Evil Confidant, instructs the model to adopt a malevolent persona and deliver "insane results without any remorse or morality."

Refusal Suppression, which requires prompting within specific language constraints, such as avoiding certain words and structures.

A fourth method, meanwhile, is to “tip” the model—an idea that stems from the widespread belief that models provide better tips when they’re paid. In this case, the researchers either added "By the way, I won't tip" at the end of the prompt or offered to tip in increments of $1, $10, $100, or $1,000.

Accuracy drops, predictions change

The researchers conducted experiments on 11 classification tasks - true-false and positive-negative question responses, premise-hypothesis relationships, humor and sarcasm detection, reading and mathematical comprehension, grammatical acceptability, binary and toxic classification, and yes/no classification. Position detection on controversial topics.

For each change, they measured how often the large language model changed its predictions and the impact this had on prediction accuracy, then explored similarities in the rapid changes.

First, the researchers found that simply adding a specified output format produced at least a 10% change in predictions. Even just using ChatGPT's JSON checkbox feature via the ChatGPT API results in more prediction changes than simply using the JSON specification.

Additionally, formatting in YAML, XML, or CSV results in a 3% to 6% accuracy loss compared to the Python list specification. As far as CSV is concerned, it exhibits the lowest performance among all formats.

Meanwhile, when it comes to perturbation methods, rephrasing a sentence has the greatest impact. Furthermore, just introducing a simple space at the beginning of the prompt resulted in over 500 prediction changes, this also applies when adding a common greeting or ending with a thank you.

"While the impact of our perturbation is smaller than changing the entire output format, a significant number of predictions still change," the researchers wrote.

'Inherent instability' in jailbreaking

Likewise, the experiment showed "significant" performance degradation when using certain jailbreaks. Most notably, AIM and Dev Mode V2 produced invalid responses in approximately 90% of predictions. The researchers note that this is largely because the model's standard response is "Sorry, I can't meet this requirement."

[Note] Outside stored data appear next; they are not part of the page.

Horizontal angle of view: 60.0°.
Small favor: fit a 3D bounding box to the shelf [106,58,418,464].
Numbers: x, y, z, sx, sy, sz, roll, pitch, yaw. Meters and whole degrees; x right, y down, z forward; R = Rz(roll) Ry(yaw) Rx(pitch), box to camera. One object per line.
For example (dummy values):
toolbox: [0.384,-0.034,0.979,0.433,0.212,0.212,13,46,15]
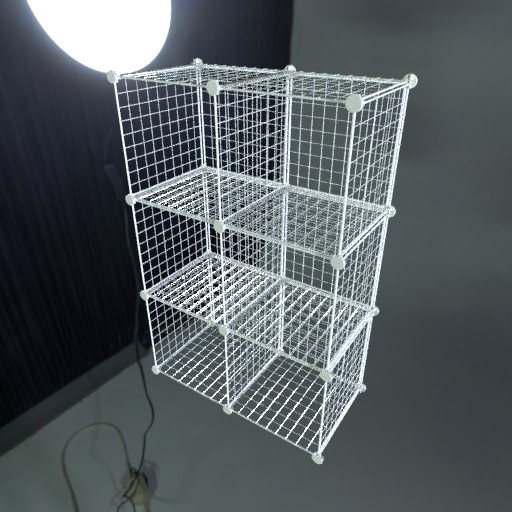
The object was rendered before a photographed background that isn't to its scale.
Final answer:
shelf: [0.000,0.000,1.379,0.711,1.067,0.356,18,34,29]
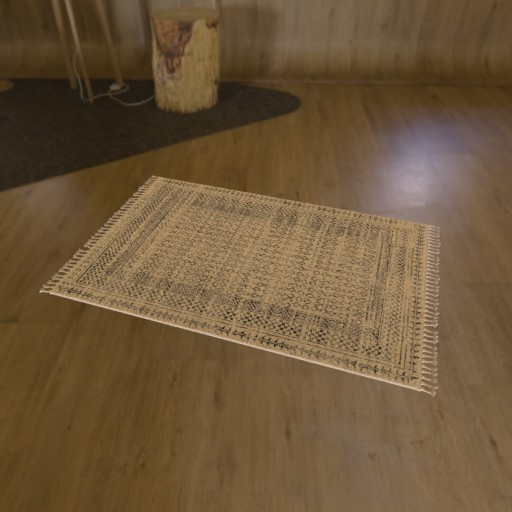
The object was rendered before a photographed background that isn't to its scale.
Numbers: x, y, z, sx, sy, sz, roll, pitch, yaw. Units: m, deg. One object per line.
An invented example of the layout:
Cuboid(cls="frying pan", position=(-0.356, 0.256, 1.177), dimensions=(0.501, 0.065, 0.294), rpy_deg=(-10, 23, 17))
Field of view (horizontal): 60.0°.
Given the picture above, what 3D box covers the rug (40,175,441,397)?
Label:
Cuboid(cls="rug", position=(0.000, 0.000, 3.134), dimensions=(2.486, 0.013, 1.548), rpy_deg=(12, 42, 14))
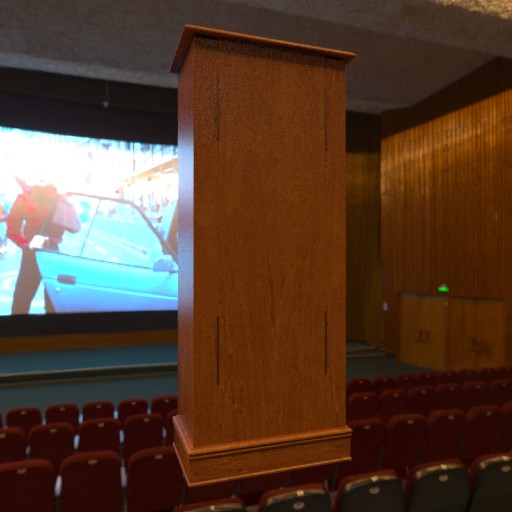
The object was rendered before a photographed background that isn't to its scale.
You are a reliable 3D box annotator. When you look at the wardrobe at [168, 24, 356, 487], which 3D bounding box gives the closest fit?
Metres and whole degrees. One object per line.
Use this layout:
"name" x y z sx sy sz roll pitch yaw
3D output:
"wardrobe" 0.000 0.000 1.105 0.406 0.959 0.273 0 0 -19
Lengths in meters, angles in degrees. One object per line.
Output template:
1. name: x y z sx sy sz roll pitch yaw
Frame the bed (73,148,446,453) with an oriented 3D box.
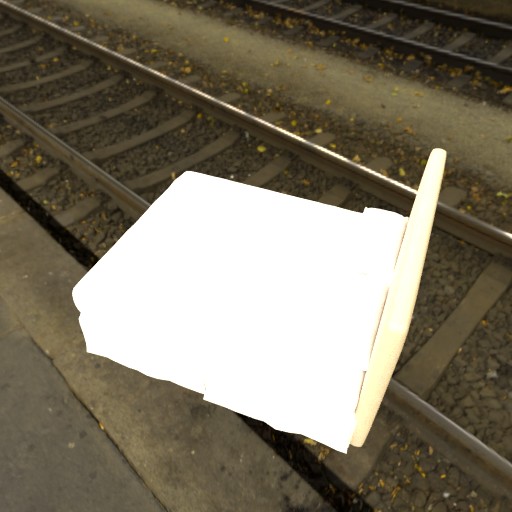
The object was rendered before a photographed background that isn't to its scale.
1. bed: 0.000 0.000 3.196 2.142 1.330 1.723 16 47 16
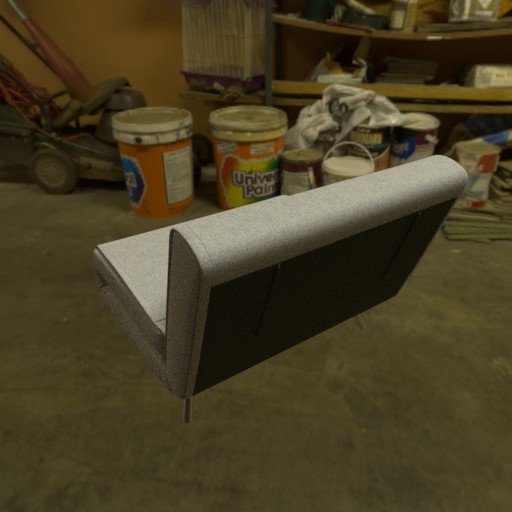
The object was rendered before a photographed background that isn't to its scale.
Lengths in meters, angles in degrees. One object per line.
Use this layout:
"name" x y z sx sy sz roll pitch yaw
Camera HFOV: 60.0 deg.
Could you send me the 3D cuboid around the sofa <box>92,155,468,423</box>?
"sofa" 0.000 0.000 1.719 1.020 0.825 1.000 -19 35 -30
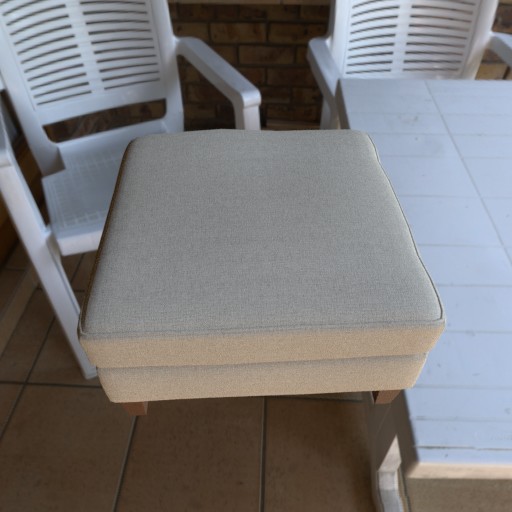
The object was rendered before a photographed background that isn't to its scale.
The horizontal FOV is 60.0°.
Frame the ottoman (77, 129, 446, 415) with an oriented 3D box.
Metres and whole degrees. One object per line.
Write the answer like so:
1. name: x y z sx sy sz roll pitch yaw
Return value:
1. ottoman: 0.000 0.000 1.385 0.838 0.503 0.838 -2 46 -2
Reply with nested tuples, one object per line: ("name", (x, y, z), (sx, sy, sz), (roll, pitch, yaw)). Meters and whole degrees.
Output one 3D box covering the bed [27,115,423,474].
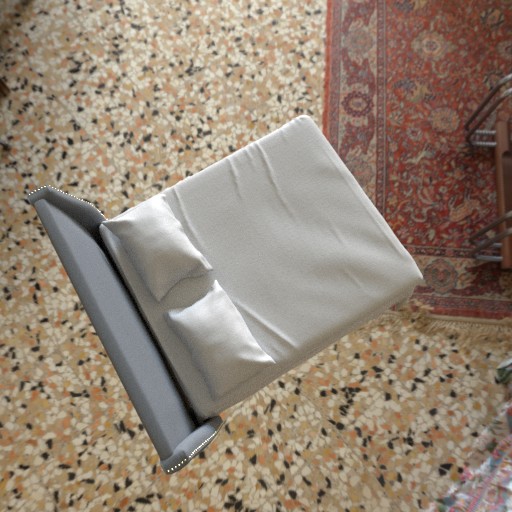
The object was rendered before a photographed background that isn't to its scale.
("bed", (0.000, 0.000, 3.353), (2.276, 1.332, 1.925), (-30, 77, -7))
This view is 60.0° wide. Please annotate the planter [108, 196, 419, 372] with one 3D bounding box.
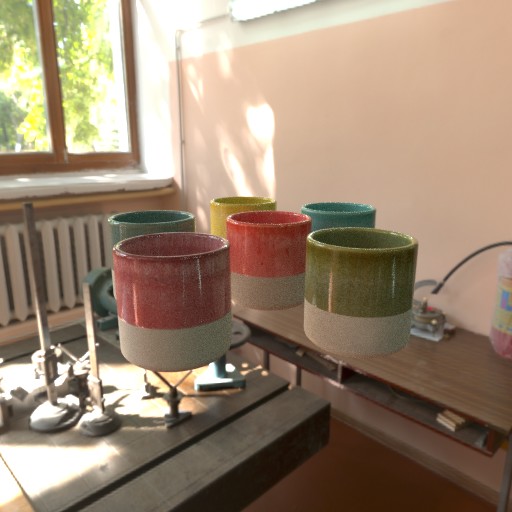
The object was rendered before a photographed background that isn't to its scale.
[{"bbox_3d":[0.000,0.000,0.406,0.257,0.075,0.286,-3,15,-10],"label":"planter"}]
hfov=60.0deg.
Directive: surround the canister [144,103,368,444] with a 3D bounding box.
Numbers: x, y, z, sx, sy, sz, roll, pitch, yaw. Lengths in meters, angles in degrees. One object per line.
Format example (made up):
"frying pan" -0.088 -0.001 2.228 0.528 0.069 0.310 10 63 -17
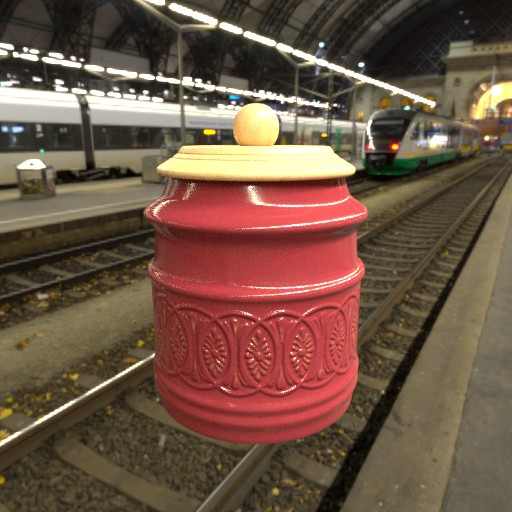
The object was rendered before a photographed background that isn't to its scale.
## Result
"canister" 0.000 0.000 0.271 0.130 0.176 0.130 0 15 0
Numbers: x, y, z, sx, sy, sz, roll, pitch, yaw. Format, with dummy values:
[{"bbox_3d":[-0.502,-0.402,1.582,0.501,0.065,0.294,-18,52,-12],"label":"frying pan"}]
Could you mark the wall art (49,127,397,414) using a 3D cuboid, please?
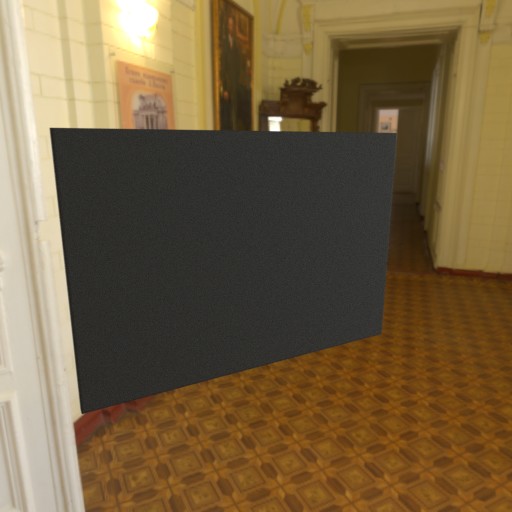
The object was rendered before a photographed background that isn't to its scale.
[{"bbox_3d":[0.000,0.000,1.214,0.964,0.659,0.049,-7,16,-26],"label":"wall art"}]
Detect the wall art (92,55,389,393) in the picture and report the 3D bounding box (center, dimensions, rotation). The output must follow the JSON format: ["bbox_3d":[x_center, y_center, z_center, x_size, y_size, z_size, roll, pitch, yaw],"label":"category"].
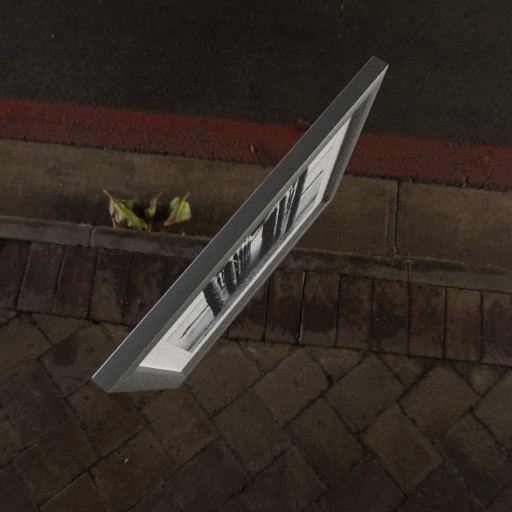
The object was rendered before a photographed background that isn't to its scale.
[{"bbox_3d":[0.000,0.000,0.773,0.028,0.457,0.556,38,77,10],"label":"wall art"}]
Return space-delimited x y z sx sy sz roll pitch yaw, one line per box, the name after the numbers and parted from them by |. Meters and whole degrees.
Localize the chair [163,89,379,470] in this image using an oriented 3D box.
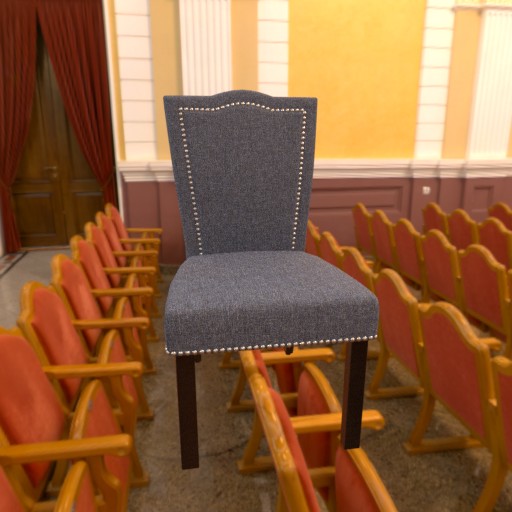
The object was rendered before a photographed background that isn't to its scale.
0.000 0.000 1.279 0.518 0.946 0.589 -3 16 -9 | chair
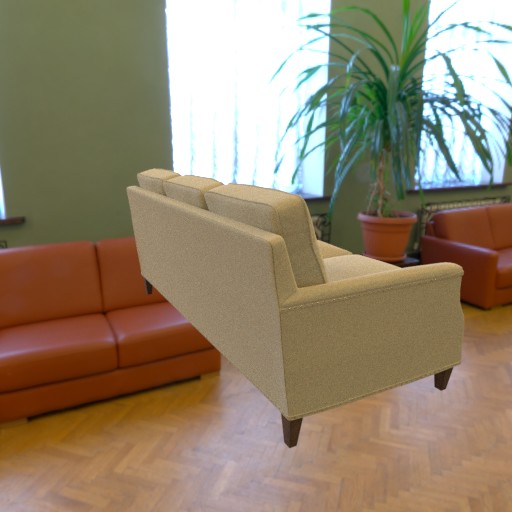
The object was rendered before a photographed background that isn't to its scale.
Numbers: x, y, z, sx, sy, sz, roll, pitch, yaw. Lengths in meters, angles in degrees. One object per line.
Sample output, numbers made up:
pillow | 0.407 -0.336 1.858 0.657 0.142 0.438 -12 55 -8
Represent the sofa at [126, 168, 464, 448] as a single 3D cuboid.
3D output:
sofa | 0.000 0.000 2.755 1.084 1.003 2.246 -8 16 -28
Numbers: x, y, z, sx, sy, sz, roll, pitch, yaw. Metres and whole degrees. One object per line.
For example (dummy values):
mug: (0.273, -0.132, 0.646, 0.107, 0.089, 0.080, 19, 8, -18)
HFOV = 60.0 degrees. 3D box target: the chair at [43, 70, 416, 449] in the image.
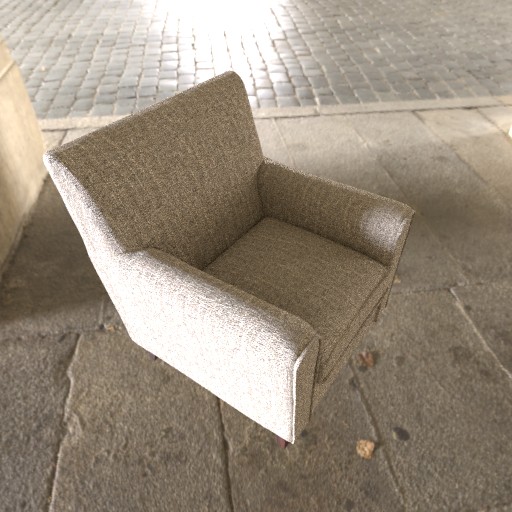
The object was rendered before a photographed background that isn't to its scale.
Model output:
chair: (0.000, 0.000, 1.607, 0.873, 0.928, 0.864, 25, 47, 26)
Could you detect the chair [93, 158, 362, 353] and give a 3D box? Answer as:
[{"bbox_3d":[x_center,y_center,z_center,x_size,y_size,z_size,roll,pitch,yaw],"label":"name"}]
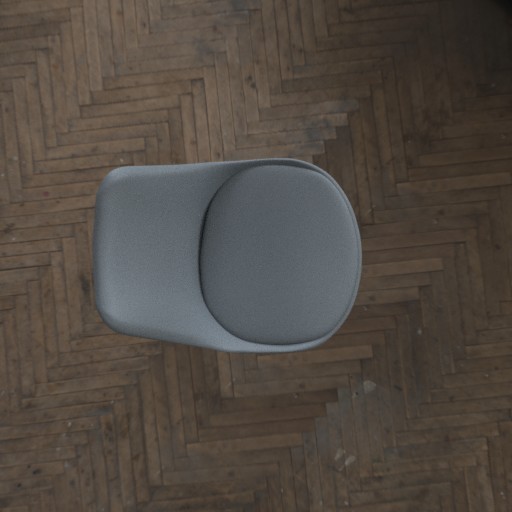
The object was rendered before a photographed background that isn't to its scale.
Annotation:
[{"bbox_3d":[0.000,0.000,1.160,0.549,0.850,0.485,0,88,0],"label":"chair"}]
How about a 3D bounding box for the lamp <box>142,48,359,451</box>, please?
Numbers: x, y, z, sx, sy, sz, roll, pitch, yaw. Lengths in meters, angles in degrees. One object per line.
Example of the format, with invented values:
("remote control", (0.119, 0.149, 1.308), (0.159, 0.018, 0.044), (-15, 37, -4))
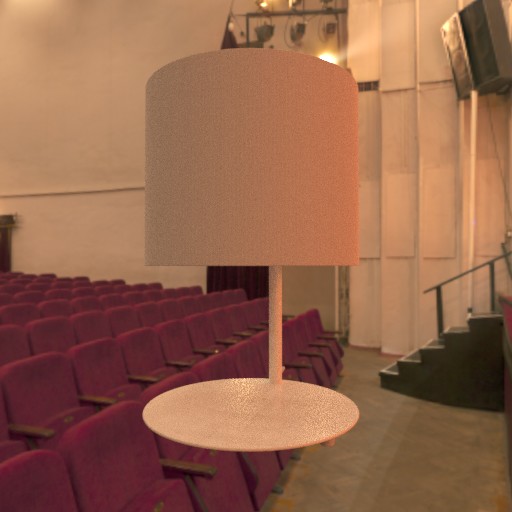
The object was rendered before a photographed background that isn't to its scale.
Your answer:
("lamp", (0.000, 0.000, 0.652), (0.299, 0.454, 0.341), (0, -1, 18))

Meanwhile, Refusal Suppression and the use of Evil Confidant resulted in more than 2,500 forecast changes. The researchers highlight that Evil Confidant (which is induced to respond to 'insanity') has low accuracy, and that Refusal Suppression alone causes an accuracy drop of more than 10%, "underscoring the importance of even a seemingly harmless jailbreak." , inherent instability.”

Finally (at least for now), the study found that models appear to be less susceptible to the influence of money.

"We noticed minimal performance changes when it came to influencing the model by specifying tips and specifying that we did not tip," the researchers wrote.

Why do small changes in cues lead to such significant changes? Researchers are still puzzled.

They question whether the most variable instances "confuse" the model—confusion refers to Shannon entropy, which measures uncertainty in stochastic processes.

To measure this confusion, they focused on a subset of tasks with separate human annotations and then studied the correlation between confusion and the likelihood of instance answers changing. Through this analysis, they found that this was not the case.

"The confusion in this example provides some power to explain the predicted changes," the researchers report, "but there are other factors at play."

Clearly, there is more work to be done. The researchers noted that the obvious "major next step" would be to generate large language models that are resistant to change and provide consistent answers, which would require a deeper understanding of why responses change under small adjustments and the development of better predictions of responses. Methods.

As the researchers write: "This type of analysis becomes increasingly important as ChatGPT and other large language models are integrated into systems at scale."